Here are some more partial observations, overlapping some of the others. The result won't be completely explicit, as there are too many case distinctions for a clean answer, but hopefully at least the outline is right.

The additive structure can be obtained from the Mayer–Vietoris sequence associated to the covering of your mapping torus $Y$ by two cylinders $U$ and $V$ homeomorphic to $T \times (0,1)$, which on rearrangement will yield (the cohomological analogue of) the result quoted from Hatcher.

The map $H^1(U) \oplus H^1(V) \to H^1(U \cap V)$ is given by $f\colon (a,b) \mapsto (\varphi(b)-a,b-a)$, if we identify $H^1$ of all the solid tori in sight with $\mathbb Z^2$. The contribution of this kernel to $H^1(Y)$ is given by pairs $(a,b)$ with $a = b = \varphi(b)$; in any event, this summand is free abelian. There is another $\mathbb Z$ summand arising as the cokernel of $\delta\colon H^0(U \cap V) \to H^1(Y)$.

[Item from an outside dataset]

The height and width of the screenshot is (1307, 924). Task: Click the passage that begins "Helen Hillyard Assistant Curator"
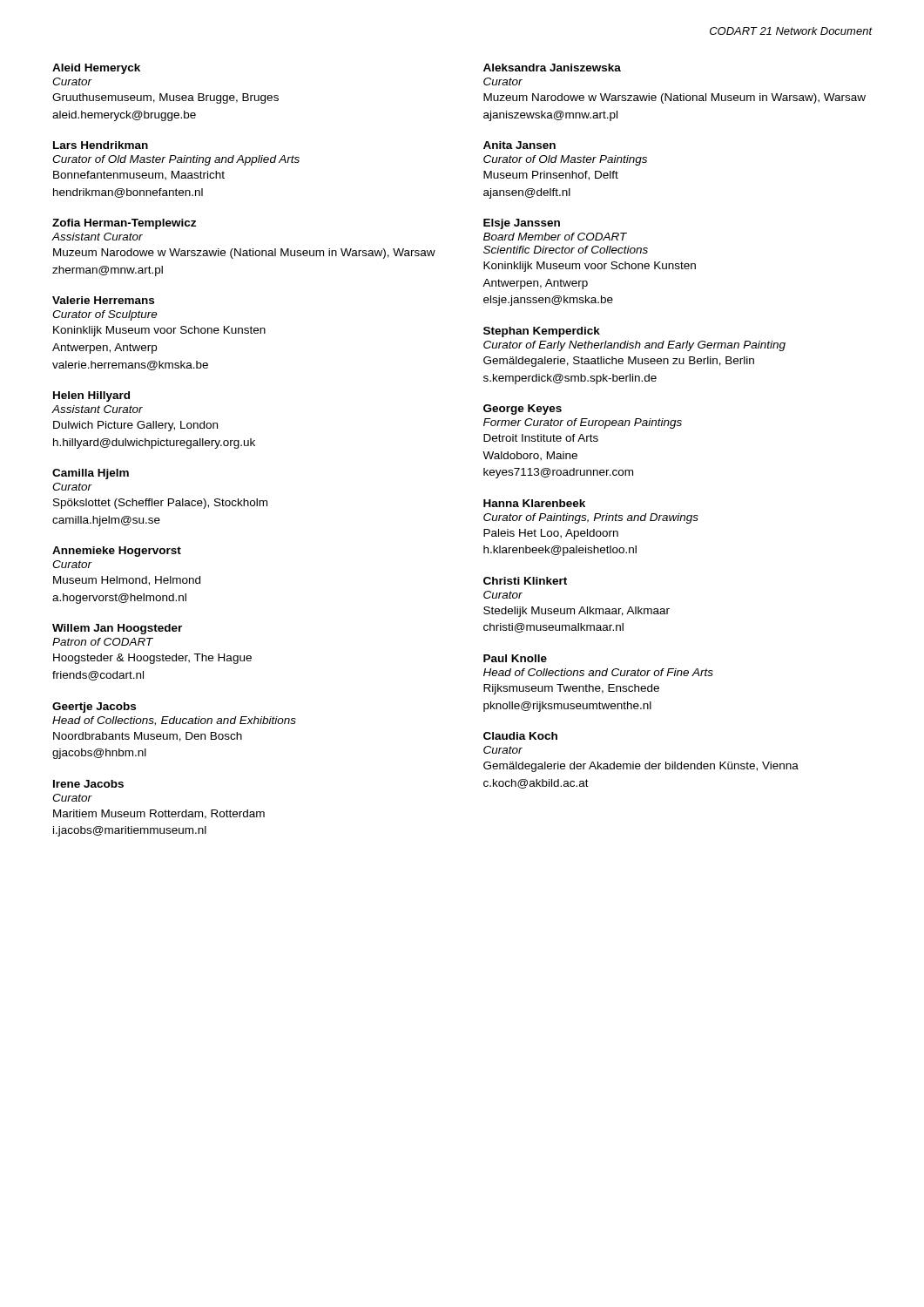click(x=91, y=396)

The map $H^2(U) \oplus H^2(V) \to H^2(U \cap V)$ is similarly given by $g\colon (m,n) \mapsto (\det(\varphi)n-m,n-m)$ if we identify $H^2$ of each solid torus with $\mathbb Z$. Thus $H^3(Y) = \mathrm{im}\, \delta$ is $\mathbb Z$ if $\det \varphi = 1$ and $\mathbb Z / 2\mathbb Z$ if $\det \varphi = -1$.

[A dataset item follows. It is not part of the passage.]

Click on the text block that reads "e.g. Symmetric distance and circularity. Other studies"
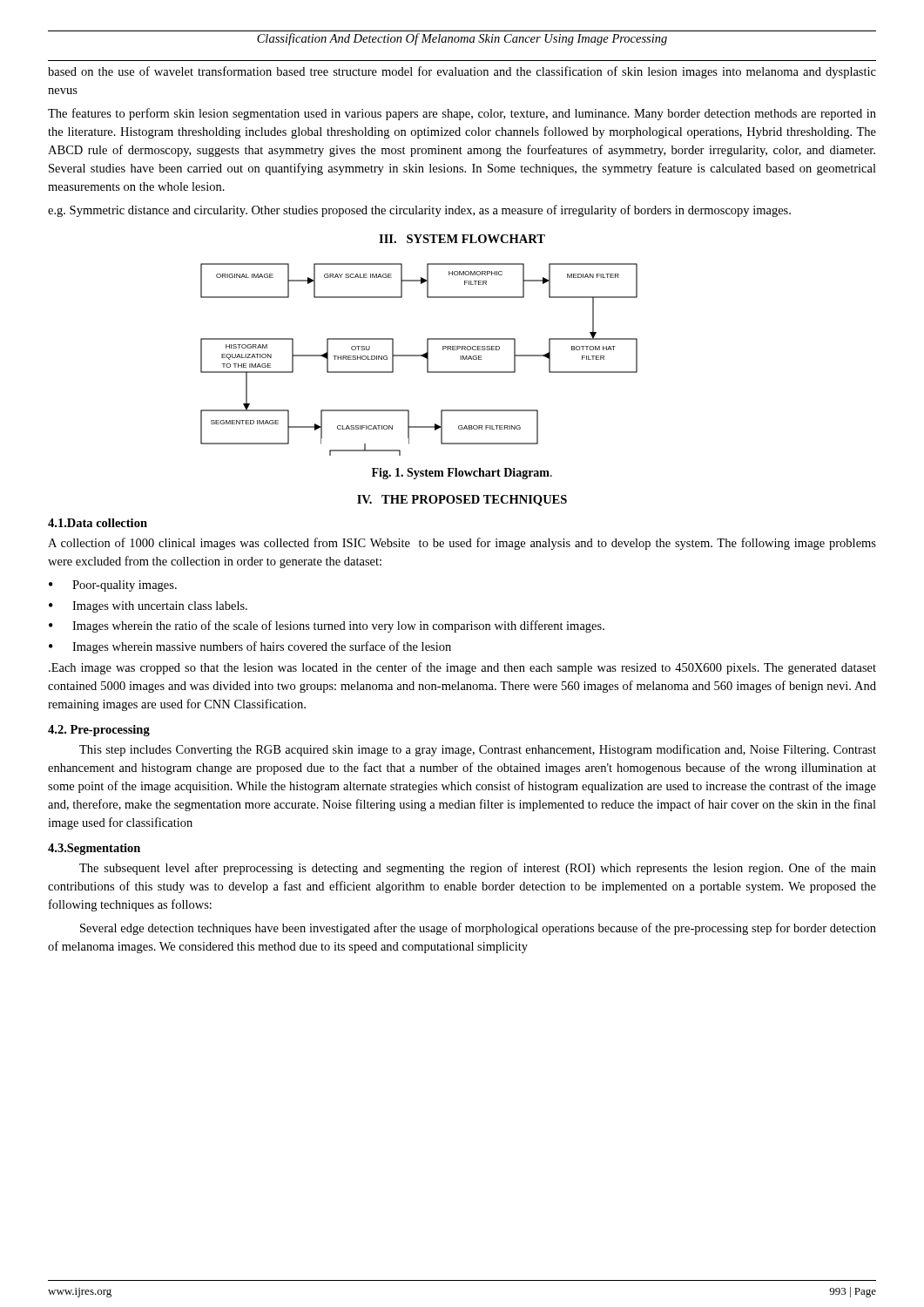924x1307 pixels. (420, 210)

Now $H^2(Y)$ fits into a short exact sequence

$$0 \to \mathrm{coker}\, f \to H^2(Y) \to \ker g \to 0.$$

As $\ker g$ is free abelian (either $\mathbb Z$ or $0$ depending on the sign of $\det g$, this sequence will split, with all torsion coming from $\mathrm{coker}\, f$.

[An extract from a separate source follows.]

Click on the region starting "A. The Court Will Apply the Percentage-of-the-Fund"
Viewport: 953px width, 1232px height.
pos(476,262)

The product $H^2(Y) \times H^1(Y) \to H^3(Y)$ will be determined on the free summands by Poincar'e duality if $\det \varphi = 1$. The product of any element with an element $\delta a$ of $\mathrm{im}\,\delta \leq H^1(Y)$ will also be determined by $b \smile \delta a = \delta (b \cdot a)$, where the action of $H^*(Y)$ on $H^*(U \cap V)$ is by restriction followed by cup product (I may be getting the left- vs. right-sidedness wrong—otherwise one picks up a sign—but the Mayer--Vietoris connecting map is, in general, $H^*(Y)$-linear, for $Y$ the covered space.). The same reasoning also covers products with an element of the image of $g$.

I think these considerations together determine most of the product structure, although they do not say anything about $H^1 \times H^2$ on the free parts arising from $\ker f$ and $\ker g$, if $Y$ is nonorientable, nor much about $\ker f \times \ker f$. It might be worth working out a specific example or two to see how bad the remaining ambiguities are.